On Thu, Aug 02, 2012 at 02:49:45PM -0400, Tom Lane wrote:
> I believe that the SPGiST issue should be fixed as follows:
>
> * It's okay for transactions inserting redirection tuples to use their
> own XID as the marker.
>
> * In spgvacuum.c, the test in vacuumRedirectAndPlaceholder to decide if
> a redirection tuple is recyclable should use
> TransactionIdPrecedes(dt->xid, RecentGlobalXmin)
> rather than comparing against OldestXmin as it does now. (This allows
> some consequent simplification since the module need not pass around
> an OldestXmin parameter.)
>
> * vacuumRedirectAndPlaceholder must also compute the newest XID among
> the redirection tuples it removes from the page, and store that in
> a new field of XLOG_SPGIST_VACUUM_REDIRECT WAL records.
>
> * In spgRedoVacuumRedirect, call ResolveRecoveryConflictWithSnapshot
> with the newest-redirect XID.
All the above looks reasonable, as does the committed patch.
There's an obsolete comment in spg_redo().
> I had first thought that we could avoid a change in WAL contents by
> having spgRedoVacuumRedirect compute the cutoff XID for itself by
> examining the removed tuples, but that doesn't work: XLogInsert might
> for instance have decided to store a full-page image, in which case the
> information isn't available by inspection of the old page contents.
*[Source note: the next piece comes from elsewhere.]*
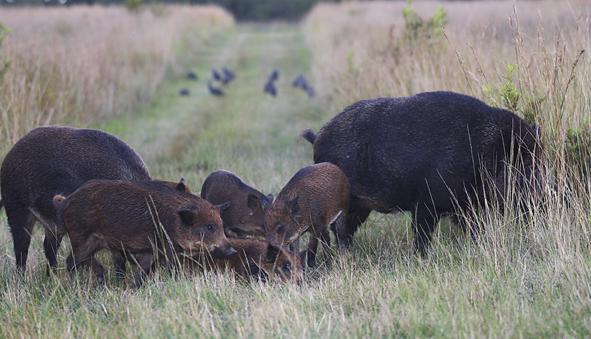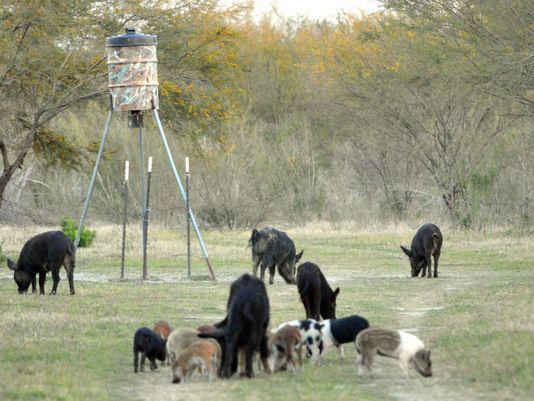The first image is the image on the left, the second image is the image on the right. Analyze the images presented: Is the assertion "A group of hogs is garthered near a barrel-shaped feeder on a tripod." valid? Answer yes or no. Yes. The first image is the image on the left, the second image is the image on the right. Evaluate the accuracy of this statement regarding the images: "There is a man made object in a field in one of the images.". Is it true? Answer yes or no. Yes.

> But we still have to enforce the interlock against hot standby xacts.
We achieve that division of labor for XLOG_BTREE_DELETE by examining the old
contents before RestoreBkpBlocks(). This is safe, I think, because we only
examine the page when the system has running hot standby backends, and we only
allow hot standby connections when recovery has proceeded far enough to fix
all torn and ahead-of-EndRecPtr pages. Note that this decision is a larger
win for XLOG_BTREE_DELETE than it would be for XLOG_SPGIST_VACUUM_REDIRECT.
For XLOG_BTREE_DELETE, finding the cutoff XID could require fetching and
examining hundreds of heap pages. For XLOG_SPGIST_VACUUM_REDIRECT, doing so
just adds a few cycles to an existing page scan. I think the simpler way
you've implemented it is better for the long term.
> In principle we should bump the XLOG page magic number for this change
> in WAL contents, but I'm inclined not to because it'd cause pain for
> beta testers, and there are probably very few people who'd have live
> XLOG_SPGIST_VACUUM_REDIRECT records in play when they switch to beta3.
Seems fair.
Thanks,
nm